Moist Dry-Poached Chicken Breasts

Two weeks ago, things reached a new level of low when my good friend, cartoonist Chris Juneau, asked, “Do you EVER cook anymore or do you eat out every night?”  While that felt a tad unjust (Chris’ query was in reply to my dinner invitation! At a restaurant where we’d won a gift certificate at Chris’ charity fundraiser!!), in the end, she was right. I’d pretty much stopped cooking (and gained weight, but that’s another story).

And with that single snarky comment, I’d been shamed right back into the kitchen.

That week, I made my usual favorites: Baked Arctic Char with Baked Sweet Potatoes (recipes on Going Lo-Co Recipe page) and Mustard Roasted Fish (see my Mmm Mmm Mustard Roasted Fish post for info and recipe).

Then I switched things up by using salmon instead of arctic char and made them both again.

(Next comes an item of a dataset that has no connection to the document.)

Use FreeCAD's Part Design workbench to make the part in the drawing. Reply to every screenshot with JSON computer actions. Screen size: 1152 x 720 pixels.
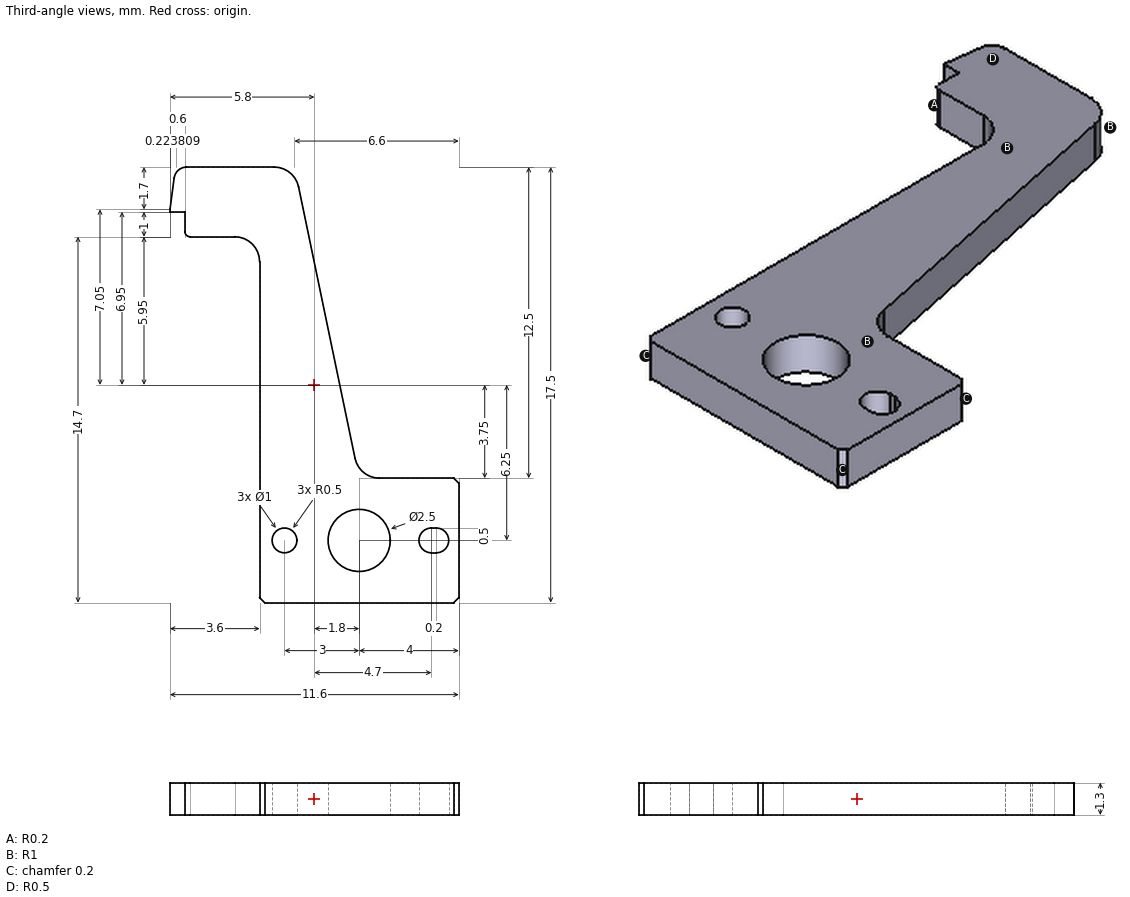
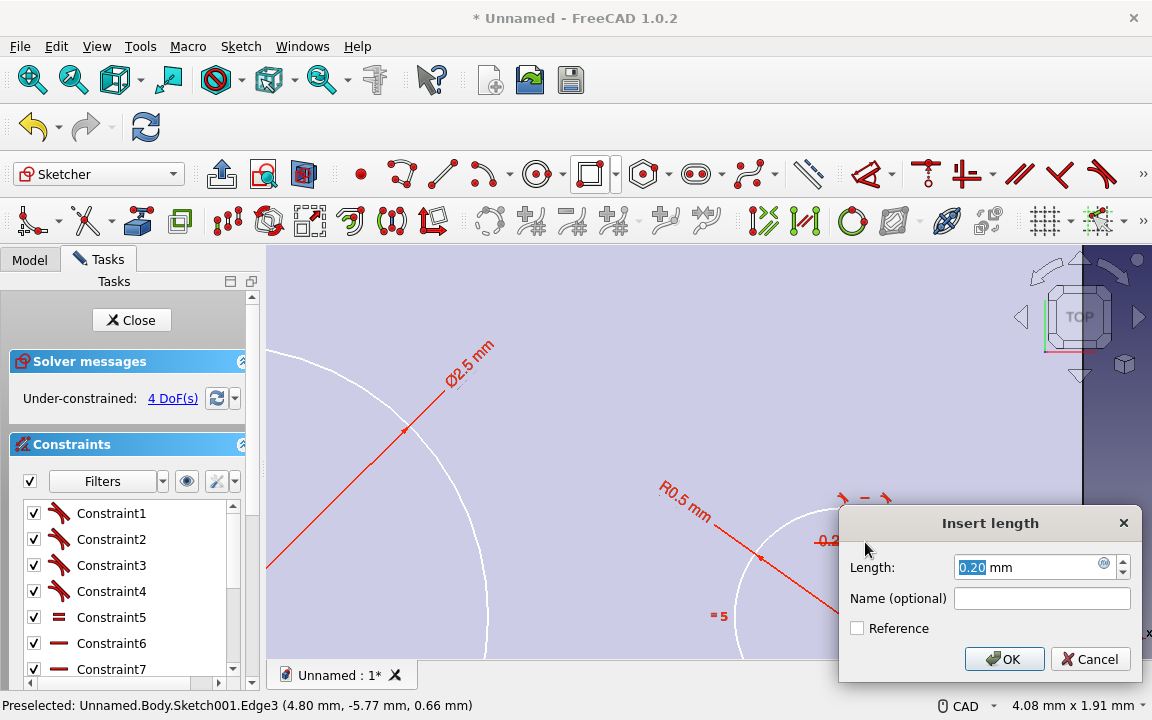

Yes, that was sarcasm.  Yes arctic char and salmon taste nearly identical. Yes, at this point, my husband bought some steak and grilled it while I baked more fish.

Clearly I needed help.

So at 5:30 one evening the following week I went to a different market – one where fish is not their best offering – and peered at some nice looking chicken. The package was labeled “dry-rubbed, beer-seasoned (oxymoronic on two levels: crazy, right?) boneless chicken breast.” They looked and sounded great, so I grabbed them.

It wasn’t until I got home that I found a problem: no cooking directions. Oh, and also that’s when I remembered that I absolutely detest dry chicken breast. And here I was with what was already advertised as dry.

Sigh.

But now it was dinner time and I was hungry and it was too late to go buy some fish. I briefly considered tossing the chicken and dining out, but even I was sick of pizza. That and Chris’s wagging finger taunted me (okay, so that part wasn’t literally true, but it kind of felt that way. It doesn’t help that Chris is a great cook and gardener. If she wasn’t so smart and so very funny I’d hate her.)

So I hopped online to look for a way to make the damn chicken I’d bought – and make sure it would be easy – and tasty.  What I found was a new-to-me technique called “dry-poaching” (yes, oxymorons abound in this post). I decided to give it a whirl because of it’s oh-so appealing title: “How To Bake Chicken Breasts in the Oven: The Simplest, Easiest Method.”

And it was GOOD and EASY.

My husband and I very much enjoyed this dry-rubbed chicken which I dry-poached, served alongside some leftover sweet potato and a kale salad I’d purchased at the same market.

A PDF of the recipe is here:  Dry-Poached Chicken Recipe. Read TheKitchn recipe editor Emma Christensen’s post for excellent photos and directions.

To me, this method is easier than cutting parchment paper into heart shapes and crimping them shut which is recommended in most ‘en papillote’ method directions – which feels a fussy to me. Though that said, one en papillote recipe to try might be Rachael Ray’s Chicken In A Sack which doesn’t sound fancy or fussy at all!

Finally, one last kick in the butt – this one to myself from myself. It wasn’t until I penned this post that I remembered I have another great, easy way to make moist chicken in like 15 minutes: my countertop grill/panini maker. I’d completely forgotten about my panini maker because with my son in college now I’m not making breakfast paninis all the time (see Panini Magic for recipes.) So my panini maker is no longer on my counter and I’d totally forgotten about it.

So now I’m recommending two lo-co, home-cooked-chicken alternatives to dining out: pull out some parchment paper and try this dry-poaching recipe or grab your George Forman indoor grill and griddle up a nice chicken breast. If you toss a few sweet potatoes in the oven (they warm up well – make more for leftovers!) and pair the chicken and potatoes with some pre-made fresh kale salad (and wine) and it’s as good as dinner out.

And certainly healthier and more lo-co than most of my dining out options. Plus there’s the added benefit of no risk of snarky comments from friends!